Over long-term follow-up, the groups were similar in terms of graft survival. For this reason, each patient must be evaluated separately whether to perform a combined or sequential surgery. Given the lower refractive error and higher expectation of final visual acuity, SS can be more advantageous especially in young patients.

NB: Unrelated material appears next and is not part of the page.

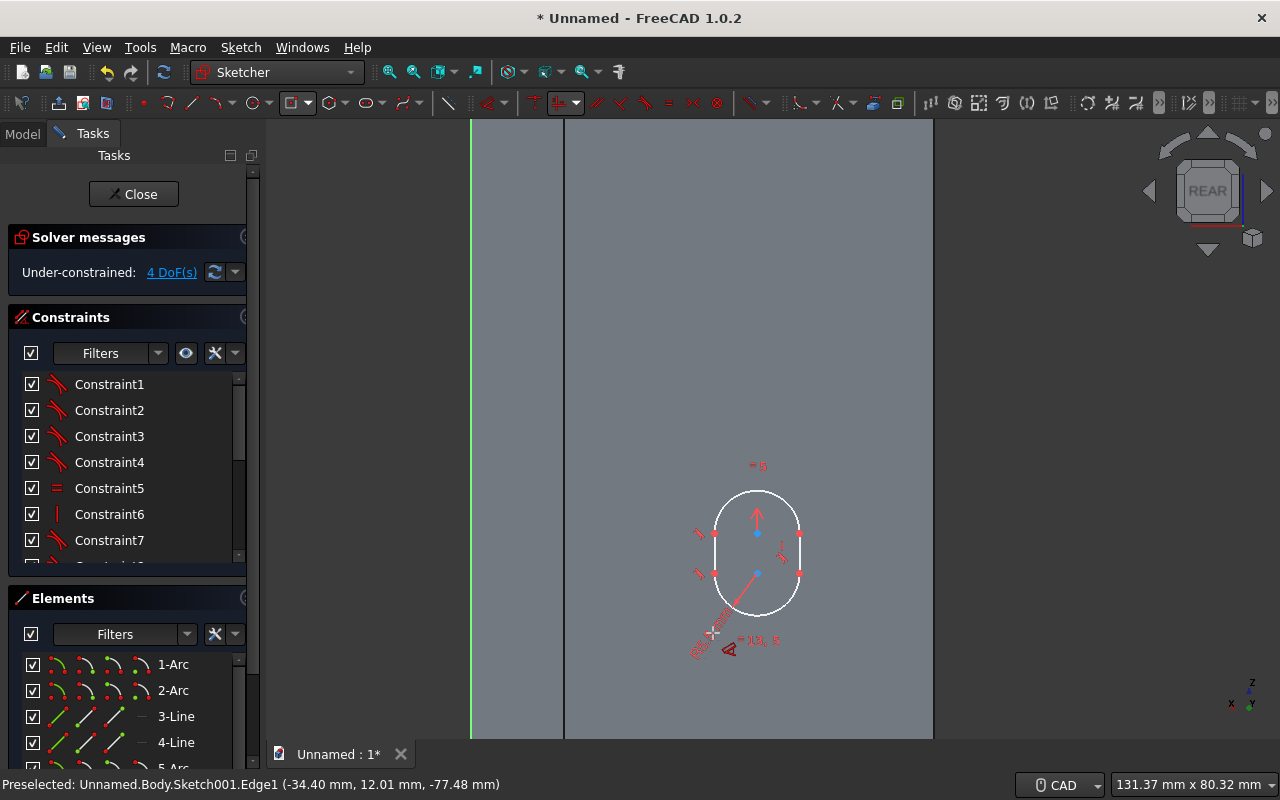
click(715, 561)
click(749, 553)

Keywords: Combined surgery, sequential surgery, penetrating keratoplasty, open-sky cataract extraction, phacoemulsification and intraocular lens implantation


Patients with cataract and corneal pathology that requires penetrating keratoplasty (PK) can be treated by combined surgery ([CS]: PK, cataract extraction, and intraocular lens [IOL] implantation in the same session) or sequential surgery ([SS]: PK followed by cataract extraction and IOL implantation in a second session).1,2,3,4

CS is particularly useful in cases where surgical trauma, postoperative inflammation, and drug therapy may cause progression of existing cataract, or in elderly patients with one eye or major health problems that necessitate faster visual recovery.5,6,7,8 In the combined approach, cataract surgery can be performed by phacoemulsification or open-sky extracapsular cataract extraction, depending on the severity of corneal opacity and the surgeon’s skill.5,7,8,9 The main disadvantages of CS are that in the open-sky technique, the eye is exposed to the outside environment for a longer time compared to PK alone, resulting in an increased risk of expulsive hemorrhage and endophthalmitis, and refractive errors are higher due to postoperative changes in keratometric values, anterior chamber depth, and axial length.5,8,9,10,11,12,13,14,15

SS is safer because it is performed in a closed system.12,16,17 Furthermore, more accurate IOL power calculation due to realistic keratometry, anterior chamber depth, and axial length measurements, placement of the incision on the steep axis during cataract surgery, and additional procedures such as compression sutures, arcuate keratotomy, or toric IOL implantation enable achievement of the most appropriate target refraction possible.3,4,16,17 The disadvantages of SS are endothelial loss and allograft reaction, the additional risk associated with a second anesthesia and surgery, delayed visual rehabilitation due to the time required for stabilization of keratometric values and suture removal, and higher cost.3,4,16

Advances in lamellar corneal surgeries have led to a reduction in PK surgeries and indications.18,19,20,21,22,23 However, PK still has a critical role in chronic bullous keratopathy, full-thickness corneal scars, and medically refractory microbial keratitis, in full-thickness perforations, and in large Descemet’s membrane ruptures during deep anterior lamellar keratoplasty.3,4,18,19,20,21,22,23 The visual and refractive outcomes of cataract surgery when combined or performed sequentially with PK and the effects of these procedures on graft survival are still controversial today.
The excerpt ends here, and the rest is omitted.